“Can I deduct the amount of the loan.”--->if the S copr takes losses, then the loss is treated as a short-term capital loss on Schedule D. You can use this loss to offset other capital gains, and to the extent the loss is not used you can deduct $3000 each year and carry over the rest indefinitely.I am not sure if your are a shareholder of the S corp.; however, you, I assume that you as a shareholder, may advance money to the S-Corporation as a loan.You making loans to your S-Corporation may take a tax deduction in the current year for losses in excess of your stock basis, but only to the extent you have loan basis.Your loan ajusted basis cannot be below zero. Any excess negative basis of the loan is treated as a non-deductible loss. This excess loss is a suspended loss and carries over to future years indefinitely. The suspended loss may be deducted in any future tax year during which you, as a shareholder, have restored your loan basis or stock basis. S-Corporation shareholders are subject to the passive activity rules.

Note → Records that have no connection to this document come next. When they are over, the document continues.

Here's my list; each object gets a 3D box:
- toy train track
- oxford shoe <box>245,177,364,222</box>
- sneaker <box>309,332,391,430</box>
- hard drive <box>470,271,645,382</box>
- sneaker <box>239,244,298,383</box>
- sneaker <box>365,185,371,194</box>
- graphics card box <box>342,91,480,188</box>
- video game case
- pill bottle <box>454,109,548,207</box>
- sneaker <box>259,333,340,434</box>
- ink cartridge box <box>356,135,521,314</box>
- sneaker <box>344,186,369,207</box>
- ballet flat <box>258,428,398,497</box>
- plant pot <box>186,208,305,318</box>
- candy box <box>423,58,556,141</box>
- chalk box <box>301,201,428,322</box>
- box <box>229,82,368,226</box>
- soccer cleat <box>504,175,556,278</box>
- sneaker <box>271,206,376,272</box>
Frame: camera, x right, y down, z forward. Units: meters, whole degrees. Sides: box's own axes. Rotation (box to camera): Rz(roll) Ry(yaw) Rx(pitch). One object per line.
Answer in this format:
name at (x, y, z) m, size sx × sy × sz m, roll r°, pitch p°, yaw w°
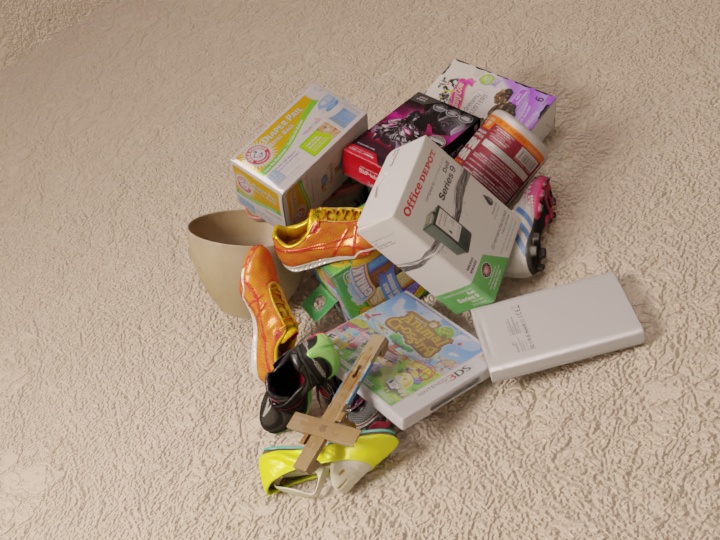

These rules govern to what extent an S-Corporation loss is currently deductible by a shareholder.
“I understand that the interest paid back from the company would be income as it is paid but is there a way for me to reduce my income for this year by the amount of the investment.”---> I guess your spouse that owns the S corp. can deduct the interest expense on 1120 S line 13 though your spouse has the option (barring any rules that might limit the deduction) to deducting said interest on her return on 1040 schedule A line 14, an d you report it on your return as interest income on 1040 line 8a or on Sch B( if over $1,500 as far as I know).However, REMEMBER; if the note between you, a lender, and the S- corporation doesn't provide for an interest rate at least equal to the applicable federal rate,AFR, then you will need to impute (calculate) what the interest would be. At year end, the S corp needs to document the loan balance, issue a 1099INT for the interest paid to you. As far as I know, the is the Tax law required by the IRS.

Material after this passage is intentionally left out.